Friday, June 22, 2012

WRITER’S PILGRIMAGE


Each time we travel to Asheville, North Carolina, where the artistic life abounds, I feel as though I'm  on a writer’s pilgrimage because I inevitably end up visiting the homes of deceased writers. This week, I again stayed at a hotel next door to “The Old Kentucky Home,” the Asheville home in which American author Thomas Wolfe grew up. I toured it for the fourth time! During this tour, I learned more about the 1998 fire that destroyed much of the large yellow frame home that provided the characters and background for Wolfe’s Look Homeward Angel, and I purchased a video that showcased the six-year restoration, which cost $2.4 million dollars. Right now, the home needs a new coat of paint, and I put a small donation in a box reserved for the $35,000 needed to provide several coats of yellow paint.
Thomas Wolfe’s mother, Julia Wolfe, cashed in on the real estate boom of the early 1900’s in the “Land of the Sky,” as Asheville was then called and bought the sprawling yellow house, described as “Queen Anne architecture," in 1906. She left W.O. Wolfe, her husband, in his home on nearby Woodfin Street and took her youngest son, Tom, with her to the Old Kentucky Home on Spruce St. Thomas Wolfe disliked living in the home because Julia made it into a boarding house, eventually expanding it to include 18 sleeping rooms, and Wolfe had to move from room to room almost nightly to accommodate strangers who lodged at The Old Kentucky Home. Wolfe later described himself as a “vagabond since I was seven – with two roofs and no home.” He escaped the boarding house and Asheville to attend the University of North Carolina and under the tutelage of Edwin Greenlaw, an English professor at the university (actually my distant cousin), he began writing apace, later developing a passion for playwriting.
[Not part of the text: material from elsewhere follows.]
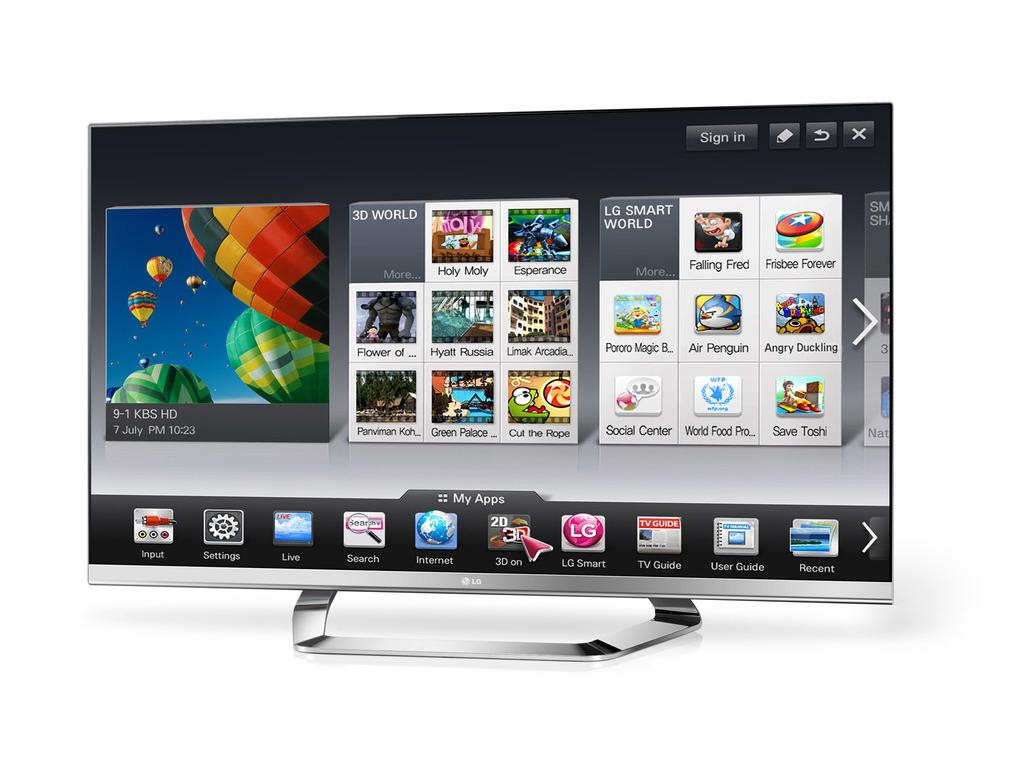What electronic device is present in the image? There is a television in the image. What is being displayed on the television screen? The television screen displays parachutes, the sky, and logos. What type of cloth is being used to make the parachutes in the image? There is no cloth present in the image, as the parachutes are displayed on the television screen.

After attending Harvard, Wolfe taught a few years at New York University, then traveled to London where he wrote most of his bulky novel, Look Homeward Angel. After enraging the townspeople of Asheville with his thinly-disguised autobiographical novel that contained more than 200 local characters, he stayed away from Asheville for eight years until the furor died out, quipping that “You can’t go home again but there are other places and you can go there.”
On the same day as the visit to Wolfe’s boyhood home, we traveled south, arriving in Flat Rock, North Carolina to tour “Connemara,” the farm to which Carl Sandburg moved when he was 67. Carl Sandburg, poet, biographer, author of American folk tales, and collector of folk songs, completed more than one-third of his works while living at Connemara atop Glassy Mountain. He had moved there to find the seclusion necessary for writing, as well as to have ample pastureland for Mrs. Sandburg’s goat herd. At this writer’s retreat, Sandburg spent most of the night writing and slept late, but he ate dinner with his large family and recited from his writings at the dinner table, his youngest children restlessly enduring sonorous recitations for sometimes an hour.
Connemara was a large home filled with Sandburg’s library of 14,000 books and old periodicals (he subscribed to over fifty periodicals). The Carl Sandburg Home National Historic Site has the distinction of being the first park to honor a poet. Connemara sits at the top of a 0.3 mile trail and climbs 100 feet – the height of a ten-story building – and I was winded when we finally reached the summit. Goats still inhabit the area and are relatives of Lilian Sandburg’s original herd. They are Toggenburgs, Saanens, and Nubians, and children who visit with their parents are allowed to make friends with them. At one time, Lilian Sandburg’s goats numbered over 200, and helpers milked 50-80 does twice a day. Mrs. Sandburg gained fame for her dairy goats and for her work improving the herd’s bloodlines and production of milk. Her goat milk and cheese were sold throughout North Carolina.
I was impressed with the video of an interview between Edward Murrow and Carl Sandburg and came away pondering Sandburg’s answer to the question: “What is the worst word in the English language?” Sandburg promptly replied: “Exclusive.” Sandburg’s answer reflects his life as a lecturer who deplored the exploitation of workers and child labor. He also received honors from the NAACP for coverage of the 1919 Chicago race riots and worked to achieve social justice, and garnered the Pulitzer Prize in History in 1940 and in Poetry in 1951.
The last night in Asheville ended on a real “hoop-la,” an event in a downtown Asheville park where hula hoopers, ages three to sixty, danced to T.O.U.C.H. Samadi, an electronic trance dance experience that is popular with those in a program called “Asheville Hoops.” Hoop dancing is touted as a way to exercise and relax emotionally, and the movement to electronic music supposedly transports the hula hoopers to a fourth level of consciousness. The young man in the foreground of Vickie Sullivan's video seemed to be a good example of one who had reached this level.